[Task material]

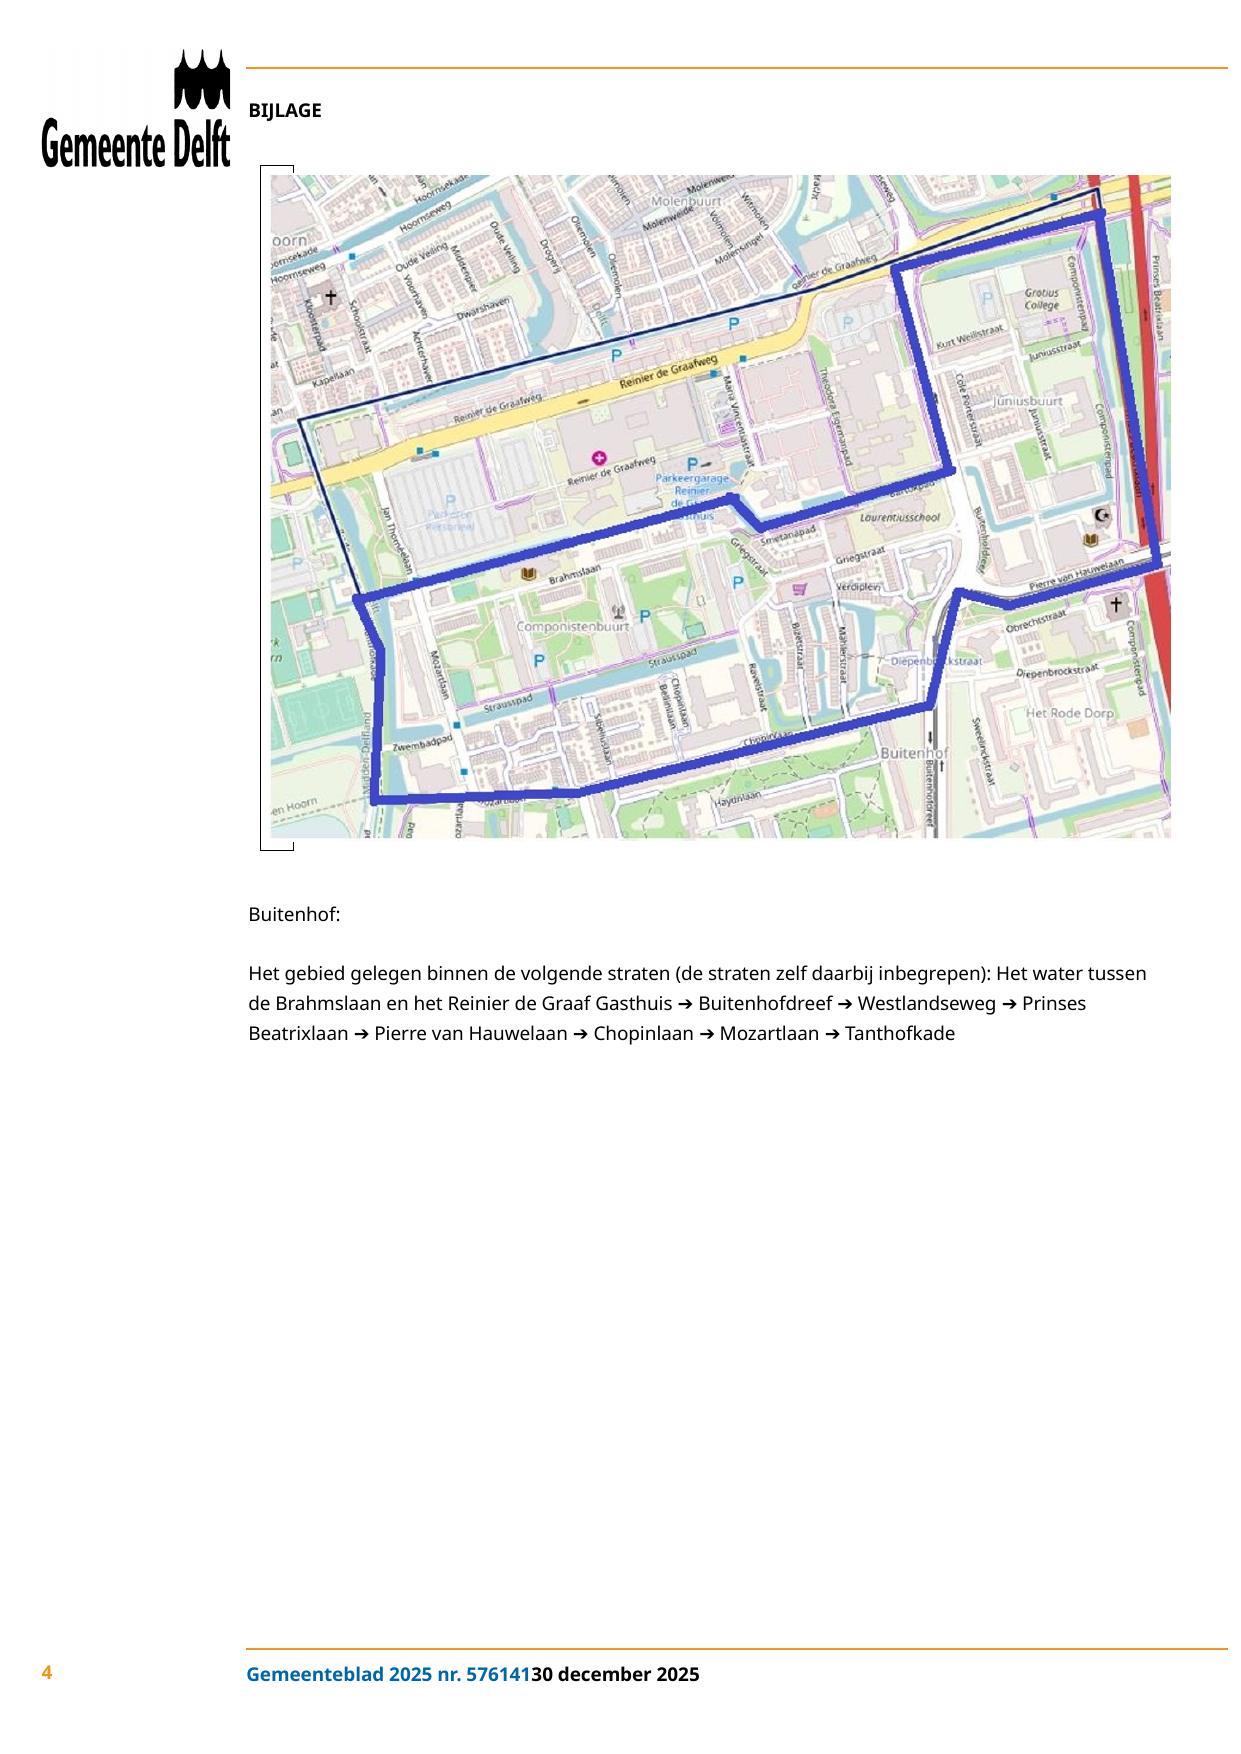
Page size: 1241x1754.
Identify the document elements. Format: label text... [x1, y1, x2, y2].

picture [41, 47, 231, 172]
text Het gebied gelegen binnen de volgende straten (de straten zelf daarbij inbegrepen): Het water tussen de Brahmslaan en het Reinier de Graaf Gasthuis ➔ Buitenhofdreef ➔ Westlandseweg ➔ Prinses Beatrixlaan ➔ Pierre van Hauwelaan ➔ Chopinlaan ➔ Mozartlaan ➔ Tanthofkade [248, 961, 1152, 1045]
text Buitenhof: [248, 901, 1152, 927]
picture [268, 173, 1173, 842]
text BIJLAGE [248, 95, 1152, 123]
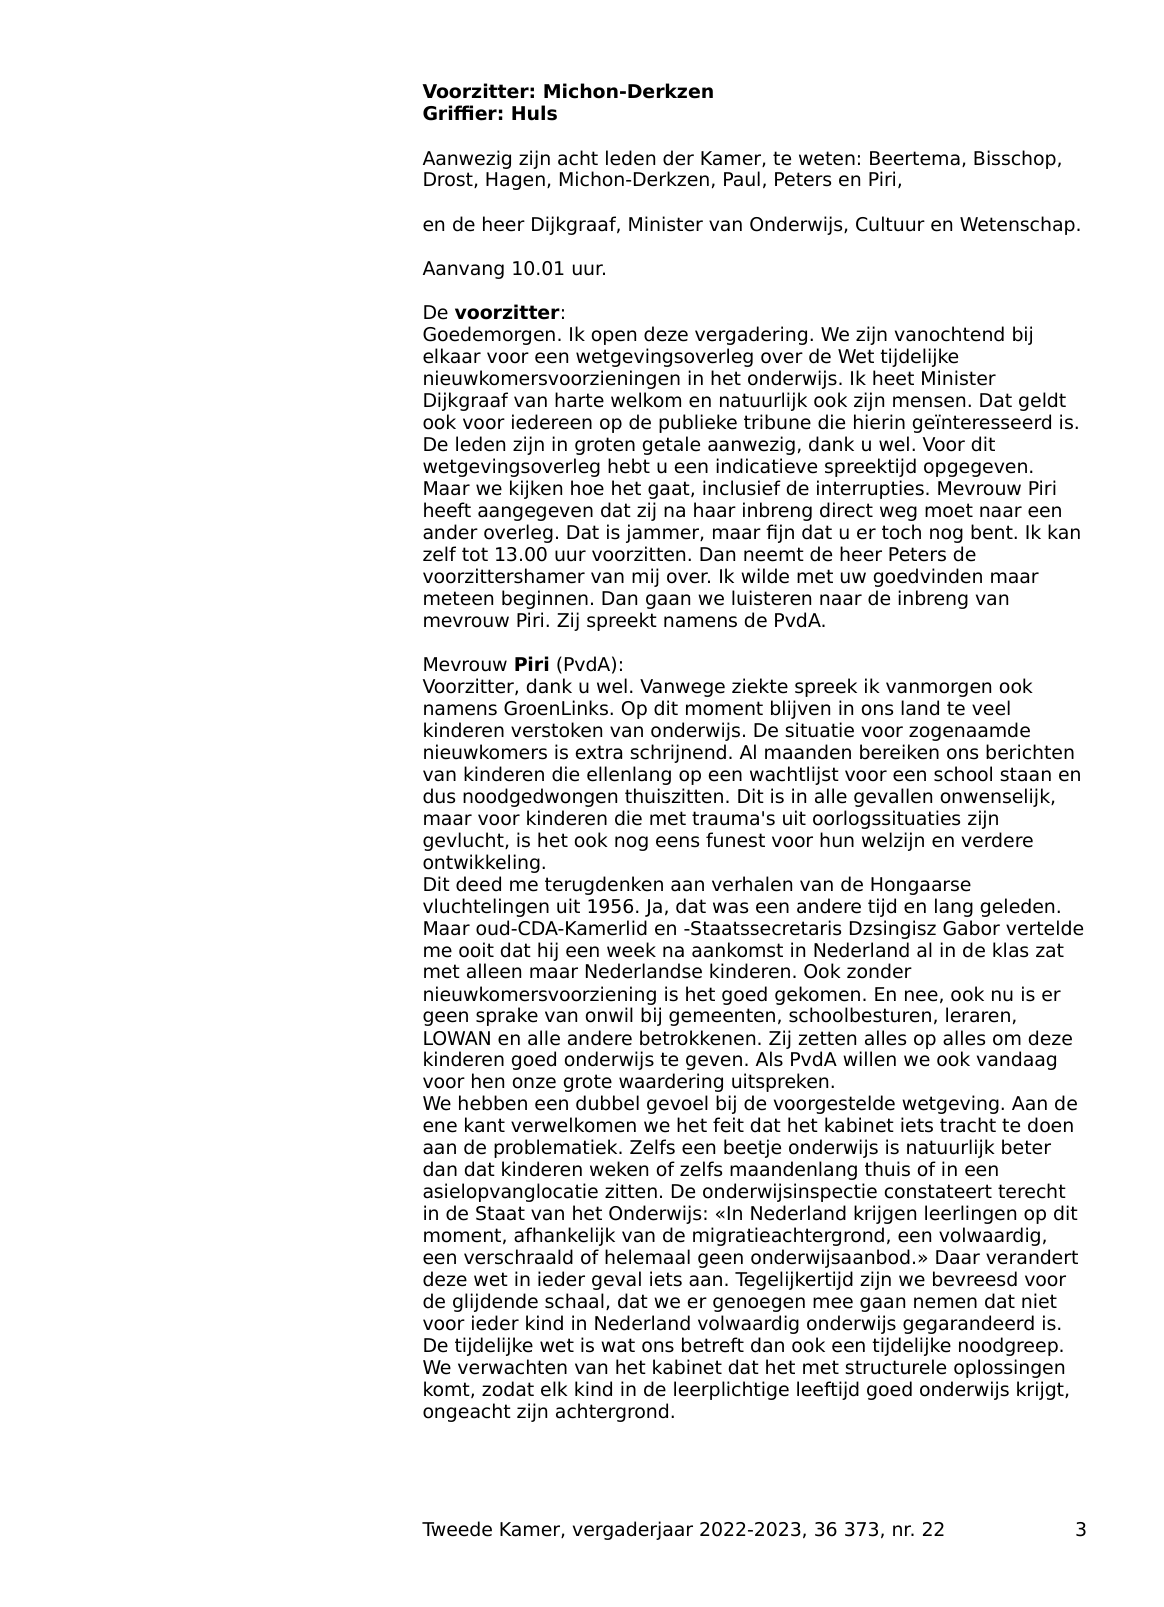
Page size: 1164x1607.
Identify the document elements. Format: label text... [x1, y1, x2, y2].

text Voorzitter, dank u wel. Vanwege ziekte spreek ik vanmorgen ook namens GroenLinks. Op dit moment blijven in ons land te veel kinderen verstoken van onderwijs. De situatie voor zogenaamde nieuwkomers is extra schrijnend. Al maanden bereiken ons berichten van kinderen die ellenlang op een wachtlijst voor een school staan en dus noodgedwongen thuiszitten. Dit is in alle gevallen onwenselijk, maar voor kinderen die met trauma's uit oorlogssituaties zijn gevlucht, is het ook nog eens funest voor hun welzijn en verdere ontwikkeling. [422, 676, 1087, 873]
text Aanvang 10.01 uur. [422, 258, 1087, 280]
text Goedemorgen. Ik open deze vergadering. We zijn vanochtend bij elkaar voor een wetgevingsoverleg over de Wet tijdelijke nieuwkomersvoorzieningen in het onderwijs. Ik heet Minister Dijkgraaf van harte welkom en natuurlijk ook zijn mensen. Dat geldt ook voor iedereen op de publieke tribune die hierin geïnteresseerd is. De leden zijn in groten getale aanwezig, dank u wel. Voor dit wetgevingsoverleg hebt u een indicatieve spreektijd opgegeven. Maar we kijken hoe het gaat, inclusief de interrupties. Mevrouw Piri heeft aangegeven dat zij na haar inbreng direct weg moet naar een ander overleg. Dat is jammer, maar fijn dat u er toch nog bent. Ik kan zelf tot 13.00 uur voorzitten. Dan neemt de heer Peters de voorzittershamer van mij over. Ik wilde met uw goedvinden maar meteen beginnen. Dan gaan we luisteren naar de inbreng van mevrouw Piri. Zij spreekt namens de PvdA. [422, 324, 1087, 632]
text en de heer Dijkgraaf, Minister van Onderwijs, Cultuur en Wetenschap. [422, 213, 1087, 236]
text We hebben een dubbel gevoel bij de voorgestelde wetgeving. Aan de ene kant verwelkomen we het feit dat het kabinet iets tracht te doen aan de problematiek. Zelfs een beetje onderwijs is natuurlijk beter dan dat kinderen weken of zelfs maandenlang thuis of in een asielopvanglocatie zitten. De onderwijsinspectie constateert terecht in de Staat van het Onderwijs: «In Nederland krijgen leerlingen op dit moment, afhankelijk van de migratieachtergrond, een volwaardig, een verschraald of helemaal geen onderwijsaanbod.» Daar verandert deze wet in ieder geval iets aan. Tegelijkertijd zijn we bevreesd voor de glijdende schaal, dat we er genoegen mee gaan nemen dat niet voor ieder kind in Nederland volwaardig onderwijs gegarandeerd is. De tijdelijke wet is wat ons betreft dan ook een tijdelijke noodgreep. We verwachten van het kabinet dat het met structurele oplossingen komt, zodat elk kind in de leerplichtige leeftijd goed onderwijs krijgt, ongeacht zijn achtergrond. [422, 1093, 1087, 1423]
text Aanwezig zijn acht leden der Kamer, te weten: Beertema, Bisschop, Drost, Hagen, Michon-Derkzen, Paul, Peters en Piri, [422, 147, 1087, 191]
text Mevrouw Piri (PvdA): [422, 654, 1087, 676]
text Voorzitter: Michon-Derkzen [422, 81, 1087, 103]
text Dit deed me terugdenken aan verhalen van de Hongaarse vluchtelingen uit 1956. Ja, dat was een andere tijd en lang geleden. Maar oud-CDA-Kamerlid en -Staatssecretaris Dzsingisz Gabor vertelde me ooit dat hij een week na aankomst in Nederland al in de klas zat met alleen maar Nederlandse kinderen. Ook zonder nieuwkomersvoorziening is het goed gekomen. En nee, ook nu is er geen sprake van onwil bij gemeenten, schoolbesturen, leraren, LOWAN en alle andere betrokkenen. Zij zetten alles op alles om deze kinderen goed onderwijs te geven. Als PvdA willen we ook vandaag voor hen onze grote waardering uitspreken. [422, 873, 1087, 1093]
text De voorzitter: [422, 302, 1087, 324]
text Griffier: Huls [422, 103, 1087, 125]

[/Task material]

With the pictures left out, return all the material above exactly.

Exercise solution>
Page size: 1241x1754.
Identify the document elements. Format: label text... [x1, y1, x2, y2].

picture [41, 47, 231, 172]
text Het gebied gelegen binnen de volgende straten (de straten zelf daarbij inbegrepen): Het water tussen de Brahmslaan en het Reinier de Graaf Gasthuis ➔ Buitenhofdreef ➔ Westlandseweg ➔ Prinses Beatrixlaan ➔ Pierre van Hauwelaan ➔ Chopinlaan ➔ Mozartlaan ➔ Tanthofkade [248, 961, 1152, 1045]
text Buitenhof: [248, 901, 1152, 927]
picture [268, 173, 1173, 842]
text BIJLAGE [248, 95, 1152, 123]
Page size: 1164x1607.
Identify the document elements. Format: label text... [x1, y1, x2, y2].

text Voorzitter, dank u wel. Vanwege ziekte spreek ik vanmorgen ook namens GroenLinks. Op dit moment blijven in ons land te veel kinderen verstoken van onderwijs. De situatie voor zogenaamde nieuwkomers is extra schrijnend. Al maanden bereiken ons berichten van kinderen die ellenlang op een wachtlijst voor een school staan en dus noodgedwongen thuiszitten. Dit is in alle gevallen onwenselijk, maar voor kinderen die met trauma's uit oorlogssituaties zijn gevlucht, is het ook nog eens funest voor hun welzijn en verdere ontwikkeling. [422, 676, 1087, 873]
text Aanvang 10.01 uur. [422, 258, 1087, 280]
text Goedemorgen. Ik open deze vergadering. We zijn vanochtend bij elkaar voor een wetgevingsoverleg over de Wet tijdelijke nieuwkomersvoorzieningen in het onderwijs. Ik heet Minister Dijkgraaf van harte welkom en natuurlijk ook zijn mensen. Dat geldt ook voor iedereen op de publieke tribune die hierin geïnteresseerd is. De leden zijn in groten getale aanwezig, dank u wel. Voor dit wetgevingsoverleg hebt u een indicatieve spreektijd opgegeven. Maar we kijken hoe het gaat, inclusief de interrupties. Mevrouw Piri heeft aangegeven dat zij na haar inbreng direct weg moet naar een ander overleg. Dat is jammer, maar fijn dat u er toch nog bent. Ik kan zelf tot 13.00 uur voorzitten. Dan neemt de heer Peters de voorzittershamer van mij over. Ik wilde met uw goedvinden maar meteen beginnen. Dan gaan we luisteren naar de inbreng van mevrouw Piri. Zij spreekt namens de PvdA. [422, 324, 1087, 632]
text en de heer Dijkgraaf, Minister van Onderwijs, Cultuur en Wetenschap. [422, 213, 1087, 236]
text We hebben een dubbel gevoel bij de voorgestelde wetgeving. Aan de ene kant verwelkomen we het feit dat het kabinet iets tracht te doen aan de problematiek. Zelfs een beetje onderwijs is natuurlijk beter dan dat kinderen weken of zelfs maandenlang thuis of in een asielopvanglocatie zitten. De onderwijsinspectie constateert terecht in de Staat van het Onderwijs: «In Nederland krijgen leerlingen op dit moment, afhankelijk van de migratieachtergrond, een volwaardig, een verschraald of helemaal geen onderwijsaanbod.» Daar verandert deze wet in ieder geval iets aan. Tegelijkertijd zijn we bevreesd voor de glijdende schaal, dat we er genoegen mee gaan nemen dat niet voor ieder kind in Nederland volwaardig onderwijs gegarandeerd is. De tijdelijke wet is wat ons betreft dan ook een tijdelijke noodgreep. We verwachten van het kabinet dat het met structurele oplossingen komt, zodat elk kind in de leerplichtige leeftijd goed onderwijs krijgt, ongeacht zijn achtergrond. [422, 1093, 1087, 1423]
text Aanwezig zijn acht leden der Kamer, te weten: Beertema, Bisschop, Drost, Hagen, Michon-Derkzen, Paul, Peters en Piri, [422, 147, 1087, 191]
text Mevrouw Piri (PvdA): [422, 654, 1087, 676]
text Voorzitter: Michon-Derkzen [422, 81, 1087, 103]
text Dit deed me terugdenken aan verhalen van de Hongaarse vluchtelingen uit 1956. Ja, dat was een andere tijd en lang geleden. Maar oud-CDA-Kamerlid en -Staatssecretaris Dzsingisz Gabor vertelde me ooit dat hij een week na aankomst in Nederland al in de klas zat met alleen maar Nederlandse kinderen. Ook zonder nieuwkomersvoorziening is het goed gekomen. En nee, ook nu is er geen sprake van onwil bij gemeenten, schoolbesturen, leraren, LOWAN en alle andere betrokkenen. Zij zetten alles op alles om deze kinderen goed onderwijs te geven. Als PvdA willen we ook vandaag voor hen onze grote waardering uitspreken. [422, 873, 1087, 1093]
text De voorzitter: [422, 302, 1087, 324]
text Griffier: Huls [422, 103, 1087, 125]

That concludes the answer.